Tougher mortgage rules extended to uninsured mortgages

A for sale sign is pictured in front of a home in Vancouver, B.C., Sept. 22, 2016. (Canadian Press)

New tougher mortgage rules proposed by the federal banking regulator may unnecessarily end up taking pot shots at the country’s housing industry and the overall economy, say mortgage and real estate professionals.

Uninsured mortgages or those with down payments of more than 20 per cent are now in the crosshairs of The Office of the Superintendent of Financial Institutions (OSFI). The regulator wants to see stress tests for those borrowers similar to what is already happening in the insured market.

But extending tougher mortgage rules to all borrowers could prove to be a heavy-handed measure only serving to flatten the housing market and buckle the economy.

“This would definitely be a more controversial policy change than those made in the past,” says Toronto mortgage broker David Larock. “It impacts the borrowers with large down payments who don’t need mortgage default insurance, and that’s a large swath of the market. It’s starting to seem like our regulators are going to keep making changes until they put our real estate markets on their backs.”

About four out of five Canadian mortgages are conventional, uninsured loans, according to BNN. When the proposed stress test is imposed, mortgage market expert Rob McLister estimates those borrowers’ purchasing power could be cut by as much as 18 per cent.

“As we’ve seen time and time again, onerous mortgage regulations aren’t necessarily a death knell for housing,” McLister told BNN. “But if housing does dive because of OSFI’s move, not only will policymakers and our real estate-dependent economy get burnt, but so will anyone who relies on home equity.”

According to the Financial Post, about 46 per cent of Canadian mortgages are uninsured with the big six banks holding 32 percentage points of that total. Credit unions have eight percentage points and six percentage points are held by small to medium-sized institutions, including mortgage investment corporations.

The proposal comes following a move by Ottawa last year to require that all insured mortgages undergo a stress test to establish if borrowers could make their payments in the event of such changes as a job loss or interest rate hike. The move is Ottawa’s response to the growing debt of Canadian households, the highest among G7 countries.

The Bank of Canada also raised interest rates recently, for the first time in nearly seven years.

The stress test is a type of means test that lets lenders determine if borrowers would qualify for a mortgage at the posted interest rate of 4.64 per cent, which is about two per cent higher than the rate offered by most lenders.

Critics of the move say extending tougher mortgage rules to all borrowers is a big risk to the housing market.

“It’s going to hurt,” says Kevin Liddiard, a St. Catharines, Ont.-based mortgage broker with Dominion Lending. “All this is doing is limiting and deterring and excluding domestic purchasers and opening it up for foreign investors. They’re trying to slow down the housing market but they’re doing so too abruptly and without any foresight.”

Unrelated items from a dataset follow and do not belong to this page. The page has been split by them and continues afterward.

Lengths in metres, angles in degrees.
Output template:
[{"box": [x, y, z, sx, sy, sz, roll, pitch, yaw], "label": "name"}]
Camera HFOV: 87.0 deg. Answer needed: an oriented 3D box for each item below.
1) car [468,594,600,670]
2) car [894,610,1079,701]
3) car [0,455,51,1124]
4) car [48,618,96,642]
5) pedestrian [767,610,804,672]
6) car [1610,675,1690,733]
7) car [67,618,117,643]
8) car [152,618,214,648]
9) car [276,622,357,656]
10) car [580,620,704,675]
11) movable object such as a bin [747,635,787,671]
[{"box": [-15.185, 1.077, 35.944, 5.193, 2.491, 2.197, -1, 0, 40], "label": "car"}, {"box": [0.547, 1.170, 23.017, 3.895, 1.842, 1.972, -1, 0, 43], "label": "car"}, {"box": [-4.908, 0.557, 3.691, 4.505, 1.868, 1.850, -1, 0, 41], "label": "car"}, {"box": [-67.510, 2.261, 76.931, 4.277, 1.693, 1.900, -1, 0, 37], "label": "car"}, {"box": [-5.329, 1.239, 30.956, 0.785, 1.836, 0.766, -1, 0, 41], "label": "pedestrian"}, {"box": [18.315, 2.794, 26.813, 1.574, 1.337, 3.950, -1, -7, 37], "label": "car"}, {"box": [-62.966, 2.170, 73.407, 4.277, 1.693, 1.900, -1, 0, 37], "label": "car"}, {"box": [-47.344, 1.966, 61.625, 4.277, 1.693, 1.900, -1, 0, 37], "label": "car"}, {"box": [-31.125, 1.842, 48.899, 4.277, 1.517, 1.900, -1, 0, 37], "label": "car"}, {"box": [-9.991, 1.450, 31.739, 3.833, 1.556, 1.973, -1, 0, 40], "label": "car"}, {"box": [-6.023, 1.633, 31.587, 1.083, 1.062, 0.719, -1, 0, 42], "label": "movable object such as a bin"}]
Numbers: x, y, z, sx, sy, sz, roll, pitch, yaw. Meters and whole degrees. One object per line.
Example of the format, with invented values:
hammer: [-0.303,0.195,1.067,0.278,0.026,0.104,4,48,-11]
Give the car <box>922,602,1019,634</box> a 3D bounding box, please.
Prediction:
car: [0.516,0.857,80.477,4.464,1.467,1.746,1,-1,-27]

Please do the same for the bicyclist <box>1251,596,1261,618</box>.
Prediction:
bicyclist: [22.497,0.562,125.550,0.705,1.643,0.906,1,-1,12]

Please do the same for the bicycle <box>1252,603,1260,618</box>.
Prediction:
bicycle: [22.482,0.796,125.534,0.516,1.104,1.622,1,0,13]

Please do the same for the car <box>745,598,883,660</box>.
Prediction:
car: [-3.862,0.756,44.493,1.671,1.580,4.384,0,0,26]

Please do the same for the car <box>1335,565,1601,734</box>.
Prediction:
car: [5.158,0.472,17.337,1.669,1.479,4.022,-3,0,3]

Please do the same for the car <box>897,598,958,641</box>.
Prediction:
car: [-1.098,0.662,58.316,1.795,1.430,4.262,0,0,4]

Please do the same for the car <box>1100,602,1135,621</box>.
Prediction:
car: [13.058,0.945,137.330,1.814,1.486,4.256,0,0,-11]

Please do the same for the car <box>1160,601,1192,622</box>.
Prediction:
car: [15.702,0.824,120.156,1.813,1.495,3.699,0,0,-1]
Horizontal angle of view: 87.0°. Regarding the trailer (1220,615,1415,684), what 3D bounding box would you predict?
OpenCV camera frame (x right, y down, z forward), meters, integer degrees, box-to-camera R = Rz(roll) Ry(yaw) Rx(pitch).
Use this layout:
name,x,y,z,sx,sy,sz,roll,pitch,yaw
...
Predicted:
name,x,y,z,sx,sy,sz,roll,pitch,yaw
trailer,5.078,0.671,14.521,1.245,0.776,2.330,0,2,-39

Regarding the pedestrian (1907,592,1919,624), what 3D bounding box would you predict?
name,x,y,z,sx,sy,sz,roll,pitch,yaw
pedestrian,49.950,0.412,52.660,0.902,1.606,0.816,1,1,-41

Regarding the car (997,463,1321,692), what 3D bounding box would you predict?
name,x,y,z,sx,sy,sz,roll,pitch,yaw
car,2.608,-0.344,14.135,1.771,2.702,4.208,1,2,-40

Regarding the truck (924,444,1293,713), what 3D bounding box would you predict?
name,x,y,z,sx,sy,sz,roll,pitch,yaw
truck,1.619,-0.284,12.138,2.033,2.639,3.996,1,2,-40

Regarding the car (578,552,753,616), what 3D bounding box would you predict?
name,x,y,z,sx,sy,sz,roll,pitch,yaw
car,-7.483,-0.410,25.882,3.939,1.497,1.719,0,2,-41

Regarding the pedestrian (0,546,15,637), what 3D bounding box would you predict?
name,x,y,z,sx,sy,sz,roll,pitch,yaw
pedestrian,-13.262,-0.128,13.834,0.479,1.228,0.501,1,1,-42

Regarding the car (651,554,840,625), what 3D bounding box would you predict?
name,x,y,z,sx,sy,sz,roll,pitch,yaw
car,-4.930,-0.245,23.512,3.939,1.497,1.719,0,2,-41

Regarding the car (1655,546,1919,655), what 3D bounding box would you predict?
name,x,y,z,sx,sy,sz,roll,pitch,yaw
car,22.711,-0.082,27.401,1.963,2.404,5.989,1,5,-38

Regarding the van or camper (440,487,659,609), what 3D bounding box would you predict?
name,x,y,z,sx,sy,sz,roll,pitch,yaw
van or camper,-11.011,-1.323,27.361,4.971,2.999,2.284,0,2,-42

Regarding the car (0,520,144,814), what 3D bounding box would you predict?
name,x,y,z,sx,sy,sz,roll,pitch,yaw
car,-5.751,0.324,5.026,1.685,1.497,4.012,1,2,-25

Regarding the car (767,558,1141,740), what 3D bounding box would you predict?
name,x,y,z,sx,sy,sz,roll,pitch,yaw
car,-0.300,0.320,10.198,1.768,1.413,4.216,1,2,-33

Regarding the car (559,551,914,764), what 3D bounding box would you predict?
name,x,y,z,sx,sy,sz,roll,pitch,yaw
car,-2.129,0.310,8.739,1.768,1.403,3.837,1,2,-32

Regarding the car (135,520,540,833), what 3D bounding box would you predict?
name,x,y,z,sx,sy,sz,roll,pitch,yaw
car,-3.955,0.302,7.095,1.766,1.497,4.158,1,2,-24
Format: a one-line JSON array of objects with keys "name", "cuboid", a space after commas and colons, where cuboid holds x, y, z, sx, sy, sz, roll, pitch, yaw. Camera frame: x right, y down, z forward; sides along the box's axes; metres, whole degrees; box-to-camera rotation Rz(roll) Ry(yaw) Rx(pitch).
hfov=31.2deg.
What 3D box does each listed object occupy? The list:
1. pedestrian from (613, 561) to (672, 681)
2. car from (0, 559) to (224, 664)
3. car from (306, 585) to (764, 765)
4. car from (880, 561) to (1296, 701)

But not all professionals in the housing industry think tougher mortgage rules will usher in trying times.

“It may hurt the market, but you want a stable market,” says Pat Butcher, a realtor with Niagara-based Remax Garden City Realty. “The spring market was unsustainable. Since we all need a roof over our head, we should have stability in our housing market while also using our homes as investments.”

Larock expects the proposed rule should be in place by spring at the latest.